Your goal = Count up the lines below that hold "solid", then give that count by itself.

━━ The data ━━

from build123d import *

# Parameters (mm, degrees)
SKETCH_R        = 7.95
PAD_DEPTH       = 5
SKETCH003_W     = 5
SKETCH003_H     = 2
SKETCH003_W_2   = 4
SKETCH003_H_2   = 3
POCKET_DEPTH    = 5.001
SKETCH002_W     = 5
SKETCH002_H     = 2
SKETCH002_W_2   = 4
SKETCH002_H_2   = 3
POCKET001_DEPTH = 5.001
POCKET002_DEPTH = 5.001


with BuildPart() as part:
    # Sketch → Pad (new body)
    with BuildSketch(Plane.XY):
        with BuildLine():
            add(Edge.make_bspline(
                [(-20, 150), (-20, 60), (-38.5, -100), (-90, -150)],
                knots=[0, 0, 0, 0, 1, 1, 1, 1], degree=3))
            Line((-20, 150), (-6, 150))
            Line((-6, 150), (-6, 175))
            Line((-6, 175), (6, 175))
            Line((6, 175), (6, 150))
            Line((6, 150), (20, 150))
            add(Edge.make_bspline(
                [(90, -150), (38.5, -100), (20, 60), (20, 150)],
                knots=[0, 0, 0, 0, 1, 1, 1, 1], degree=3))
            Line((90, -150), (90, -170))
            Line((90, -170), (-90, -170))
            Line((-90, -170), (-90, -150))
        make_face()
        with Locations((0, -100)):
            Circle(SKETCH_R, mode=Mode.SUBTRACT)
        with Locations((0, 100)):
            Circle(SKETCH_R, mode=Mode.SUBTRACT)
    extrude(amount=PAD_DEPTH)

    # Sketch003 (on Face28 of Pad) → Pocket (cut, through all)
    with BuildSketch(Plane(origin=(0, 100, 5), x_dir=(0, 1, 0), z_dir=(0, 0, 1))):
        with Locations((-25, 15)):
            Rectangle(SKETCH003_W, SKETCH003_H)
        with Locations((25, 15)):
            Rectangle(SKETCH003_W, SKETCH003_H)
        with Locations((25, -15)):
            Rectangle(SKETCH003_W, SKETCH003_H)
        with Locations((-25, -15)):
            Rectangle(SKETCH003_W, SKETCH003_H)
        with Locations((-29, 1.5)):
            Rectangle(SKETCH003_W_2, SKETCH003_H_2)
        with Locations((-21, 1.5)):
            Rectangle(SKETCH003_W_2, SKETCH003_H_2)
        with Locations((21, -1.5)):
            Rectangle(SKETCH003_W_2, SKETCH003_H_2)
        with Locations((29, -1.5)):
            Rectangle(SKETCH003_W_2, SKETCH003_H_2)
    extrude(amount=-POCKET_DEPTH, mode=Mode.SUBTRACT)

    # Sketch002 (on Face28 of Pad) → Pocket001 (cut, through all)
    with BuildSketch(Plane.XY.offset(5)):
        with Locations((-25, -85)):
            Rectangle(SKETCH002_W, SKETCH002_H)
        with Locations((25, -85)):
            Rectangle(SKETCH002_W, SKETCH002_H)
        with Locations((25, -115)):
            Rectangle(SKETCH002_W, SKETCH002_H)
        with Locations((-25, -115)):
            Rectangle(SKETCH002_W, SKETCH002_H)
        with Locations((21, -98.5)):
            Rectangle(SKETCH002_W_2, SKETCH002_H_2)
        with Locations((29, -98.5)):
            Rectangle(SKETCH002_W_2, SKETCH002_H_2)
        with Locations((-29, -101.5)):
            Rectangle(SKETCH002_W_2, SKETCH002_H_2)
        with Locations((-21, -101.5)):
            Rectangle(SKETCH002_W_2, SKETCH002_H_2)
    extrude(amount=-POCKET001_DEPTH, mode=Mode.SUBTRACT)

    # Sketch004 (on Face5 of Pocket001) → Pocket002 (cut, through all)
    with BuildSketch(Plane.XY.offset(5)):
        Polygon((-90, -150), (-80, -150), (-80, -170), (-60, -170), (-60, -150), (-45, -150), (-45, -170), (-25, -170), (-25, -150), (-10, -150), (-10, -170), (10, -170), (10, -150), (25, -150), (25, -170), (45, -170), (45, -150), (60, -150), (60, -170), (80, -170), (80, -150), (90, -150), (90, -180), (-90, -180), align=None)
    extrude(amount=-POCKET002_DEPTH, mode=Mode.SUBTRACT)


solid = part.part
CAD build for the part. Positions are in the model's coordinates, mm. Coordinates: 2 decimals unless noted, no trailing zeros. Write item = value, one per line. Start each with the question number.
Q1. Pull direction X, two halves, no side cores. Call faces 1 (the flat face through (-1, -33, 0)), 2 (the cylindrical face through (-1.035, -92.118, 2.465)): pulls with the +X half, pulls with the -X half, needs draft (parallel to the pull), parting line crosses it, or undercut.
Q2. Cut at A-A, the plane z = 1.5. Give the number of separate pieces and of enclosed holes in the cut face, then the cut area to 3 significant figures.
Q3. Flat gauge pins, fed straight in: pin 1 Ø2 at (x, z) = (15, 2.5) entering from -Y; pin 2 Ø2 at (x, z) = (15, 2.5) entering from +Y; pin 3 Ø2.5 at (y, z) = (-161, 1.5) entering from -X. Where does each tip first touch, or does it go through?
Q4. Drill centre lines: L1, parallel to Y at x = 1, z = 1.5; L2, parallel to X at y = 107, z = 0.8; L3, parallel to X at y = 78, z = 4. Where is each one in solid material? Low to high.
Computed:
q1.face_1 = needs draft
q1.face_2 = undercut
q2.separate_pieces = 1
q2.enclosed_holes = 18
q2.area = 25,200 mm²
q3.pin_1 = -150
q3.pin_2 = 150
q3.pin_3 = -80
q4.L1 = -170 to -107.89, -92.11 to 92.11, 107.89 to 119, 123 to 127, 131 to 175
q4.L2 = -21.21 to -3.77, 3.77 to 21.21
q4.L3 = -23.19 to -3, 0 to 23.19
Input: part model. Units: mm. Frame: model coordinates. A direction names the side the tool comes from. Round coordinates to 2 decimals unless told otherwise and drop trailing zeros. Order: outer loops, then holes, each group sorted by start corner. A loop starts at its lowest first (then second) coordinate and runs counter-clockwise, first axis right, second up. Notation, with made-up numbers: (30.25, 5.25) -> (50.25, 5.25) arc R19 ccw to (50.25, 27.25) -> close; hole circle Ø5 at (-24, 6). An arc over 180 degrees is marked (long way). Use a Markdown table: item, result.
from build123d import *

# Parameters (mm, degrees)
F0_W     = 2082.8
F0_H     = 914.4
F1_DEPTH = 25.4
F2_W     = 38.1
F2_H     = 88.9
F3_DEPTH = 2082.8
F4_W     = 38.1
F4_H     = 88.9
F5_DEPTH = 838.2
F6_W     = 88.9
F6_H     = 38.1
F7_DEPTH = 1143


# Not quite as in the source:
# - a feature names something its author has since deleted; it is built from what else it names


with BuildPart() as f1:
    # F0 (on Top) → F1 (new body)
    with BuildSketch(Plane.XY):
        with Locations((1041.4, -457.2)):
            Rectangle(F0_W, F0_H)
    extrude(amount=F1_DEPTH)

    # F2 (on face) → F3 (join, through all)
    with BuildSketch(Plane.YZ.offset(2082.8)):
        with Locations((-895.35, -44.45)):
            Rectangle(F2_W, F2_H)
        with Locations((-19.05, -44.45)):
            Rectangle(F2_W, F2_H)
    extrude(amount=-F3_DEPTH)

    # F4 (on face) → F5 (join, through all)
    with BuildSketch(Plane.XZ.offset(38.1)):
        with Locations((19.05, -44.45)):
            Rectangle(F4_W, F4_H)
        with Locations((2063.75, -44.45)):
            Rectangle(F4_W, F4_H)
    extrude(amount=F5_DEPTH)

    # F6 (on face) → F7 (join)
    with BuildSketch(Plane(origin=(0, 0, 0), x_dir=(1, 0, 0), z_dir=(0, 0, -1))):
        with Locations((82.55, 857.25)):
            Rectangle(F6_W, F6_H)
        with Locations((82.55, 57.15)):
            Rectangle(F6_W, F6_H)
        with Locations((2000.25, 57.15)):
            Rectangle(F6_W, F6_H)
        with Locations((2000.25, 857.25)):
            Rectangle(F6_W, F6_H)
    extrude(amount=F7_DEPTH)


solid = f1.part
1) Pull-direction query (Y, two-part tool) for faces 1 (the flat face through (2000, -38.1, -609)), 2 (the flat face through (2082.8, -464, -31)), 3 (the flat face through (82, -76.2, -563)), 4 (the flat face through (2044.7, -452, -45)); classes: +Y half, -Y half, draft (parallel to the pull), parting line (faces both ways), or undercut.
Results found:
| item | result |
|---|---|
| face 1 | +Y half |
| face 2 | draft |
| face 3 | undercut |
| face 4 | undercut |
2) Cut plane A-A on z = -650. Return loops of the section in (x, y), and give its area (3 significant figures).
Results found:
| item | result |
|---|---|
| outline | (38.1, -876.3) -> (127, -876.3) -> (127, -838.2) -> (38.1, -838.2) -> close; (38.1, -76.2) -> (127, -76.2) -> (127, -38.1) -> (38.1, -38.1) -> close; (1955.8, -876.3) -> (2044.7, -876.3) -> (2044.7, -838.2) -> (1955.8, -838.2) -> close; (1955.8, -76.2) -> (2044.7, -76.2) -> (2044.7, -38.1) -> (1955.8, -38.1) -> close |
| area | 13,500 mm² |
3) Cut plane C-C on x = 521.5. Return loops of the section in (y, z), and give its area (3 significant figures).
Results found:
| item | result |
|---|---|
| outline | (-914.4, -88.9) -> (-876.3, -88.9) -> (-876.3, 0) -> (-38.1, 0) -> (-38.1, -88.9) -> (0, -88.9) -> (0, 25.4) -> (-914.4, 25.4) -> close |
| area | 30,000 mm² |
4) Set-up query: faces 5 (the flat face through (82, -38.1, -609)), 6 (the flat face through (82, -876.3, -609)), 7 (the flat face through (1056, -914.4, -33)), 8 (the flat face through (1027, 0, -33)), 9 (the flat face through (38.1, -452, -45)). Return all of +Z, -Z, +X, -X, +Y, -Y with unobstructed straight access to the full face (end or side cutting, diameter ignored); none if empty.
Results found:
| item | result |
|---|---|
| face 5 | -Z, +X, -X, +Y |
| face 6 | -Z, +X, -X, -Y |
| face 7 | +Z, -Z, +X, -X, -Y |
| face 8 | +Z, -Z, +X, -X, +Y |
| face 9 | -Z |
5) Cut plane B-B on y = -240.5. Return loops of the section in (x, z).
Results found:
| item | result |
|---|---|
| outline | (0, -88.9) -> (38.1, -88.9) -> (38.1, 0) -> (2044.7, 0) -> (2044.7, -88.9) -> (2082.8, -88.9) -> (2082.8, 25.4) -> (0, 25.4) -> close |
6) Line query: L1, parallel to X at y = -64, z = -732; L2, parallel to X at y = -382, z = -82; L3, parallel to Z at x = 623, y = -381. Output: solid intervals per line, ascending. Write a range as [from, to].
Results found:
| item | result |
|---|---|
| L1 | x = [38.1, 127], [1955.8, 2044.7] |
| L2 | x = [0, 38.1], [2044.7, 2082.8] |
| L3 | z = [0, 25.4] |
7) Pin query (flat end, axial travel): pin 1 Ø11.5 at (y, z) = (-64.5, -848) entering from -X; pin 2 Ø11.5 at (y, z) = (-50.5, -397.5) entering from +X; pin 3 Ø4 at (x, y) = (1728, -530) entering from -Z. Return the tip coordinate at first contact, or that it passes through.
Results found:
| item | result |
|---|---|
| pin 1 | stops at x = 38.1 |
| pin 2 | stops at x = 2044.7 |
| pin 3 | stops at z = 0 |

━━━

Response area = 4